Therapeutic Effect Of Adenovirus-mediated Hepatocyte Growth Factor Gene Transfer On Focal Cerebral Ischemia In Rats

Background: Cerebral ischemia is one of the diseases threatening human beings,and there are no effective methods to treat it. Hepatocyte growth factor(HGF) profoundly stimulates the growth of endothelial cells and angiogenesis in ischemic tissue,and acts as a survival factor for neurons in vitro. Recently, a novel therapeutic strategy for ischemic diseases using angiogenic growth factors or their genes to expedite and/or augment collateral blood vessel development has been proposed.Methods and Results: Replication-defective recombinant adenoviral vector carrying human HGF(Ad-HGF) was generated by homologous recombination in 293 cells. After infected by Ad-HGF, NIH3T3 cells expressed HGF. It was found that the transfecting rate of adenovirus vector carrying green fluorescence protein (GFP)to the primarily cultured neurons of newborn rat was high by flow cytometer. HGF was expressed in the primary nerve cells infected by Ad-HGF, and was a trophic factor to the neurons in serum-free medium. The distribution and persistence of adenoviral vectors were studied in a rat model of focal cerebral ischemia.

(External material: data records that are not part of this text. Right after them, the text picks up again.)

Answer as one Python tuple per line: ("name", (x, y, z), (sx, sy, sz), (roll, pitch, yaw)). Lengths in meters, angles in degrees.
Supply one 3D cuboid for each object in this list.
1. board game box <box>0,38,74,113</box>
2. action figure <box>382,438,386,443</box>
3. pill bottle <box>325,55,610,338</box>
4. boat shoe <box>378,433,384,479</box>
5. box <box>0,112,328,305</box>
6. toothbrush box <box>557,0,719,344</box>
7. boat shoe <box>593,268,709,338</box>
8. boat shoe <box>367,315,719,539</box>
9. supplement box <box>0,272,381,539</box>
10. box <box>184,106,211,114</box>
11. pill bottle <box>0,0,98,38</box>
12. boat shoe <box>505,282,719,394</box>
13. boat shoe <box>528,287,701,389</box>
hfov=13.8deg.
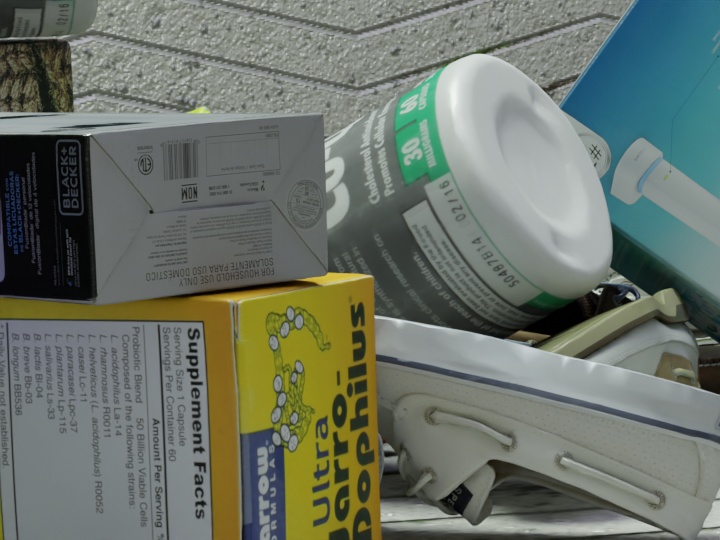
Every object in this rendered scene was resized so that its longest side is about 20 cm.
("board game box", (-0.225, -0.030, 1.438), (0.097, 0.160, 0.200), (-1, 6, 23))
("action figure", (-0.044, 0.038, 1.461), (0.200, 0.065, 0.099), (30, 11, 36))
("pill bottle", (0.000, 0.000, 1.296), (0.200, 0.113, 0.113), (-30, -9, 27))
("boat shoe", (-0.086, 0.073, 1.229), (0.200, 0.072, 0.068), (14, 11, 36))
("box", (-0.120, -0.027, 1.105), (0.200, 0.060, 0.116), (4, 8, 44))
("toothbrush box", (0.192, -0.043, 1.374), (0.200, 0.147, 0.085), (34, -8, 7))
("boat shoe", (0.092, 0.038, 1.520), (0.200, 0.069, 0.071), (-22, -22, 23))
("boat shoe", (0.042, 0.062, 1.146), (0.199, 0.070, 0.071), (13, -6, 13))
("supplement box", (-0.104, 0.057, 1.117), (0.200, 0.109, 0.109), (1, 6, 27))
("box", (-0.122, -0.003, 1.566), (0.200, 0.122, 0.048), (-18, 25, 42))
("pill bottle", (-0.230, -0.165, 1.426), (0.199, 0.113, 0.113), (-4, 5, -12))
("boat shoe", (0.111, 0.042, 1.423), (0.200, 0.073, 0.072), (-5, 5, -34))
("boat shoe", (0.110, 0.053, 1.273), (0.075, 0.069, 0.200), (-24, -4, 24))

It was demonstrated that the peak of GFP expression occurred on day 3 after administration from frozen sections. Green fluorescence decreased on day 7 and disappeared on day 14. The HGF levels of serum, homogenates of brain and other organs were examined by ELISA and immunohistochemistry. The results showed there was no significant difference between the test and control groups. The vascularity were evaluated through observing the paraffin-embeded slides stained with HE (hematoxylin-eosin). Angiogenesis was only observed in the test group on day 3. It was showed that the cerebral infarct volume was smaller obviously in the test group as compared with that in the control group by TTC staining. Expression of genes in the brain after focal cerebral ischemia and Ad-HGF injection was investigated using gene chips. It was found that 57 genes increased and 5 genes decreased in the ischemic group, and 43 genes increased and 32 genes decreased in the Ad-HGF injection group.Conclusion: Gene therapy of focal cerebral ischemia using HGF gene via the recombinant adenovirus vector is effective and relatively safe with regional administration.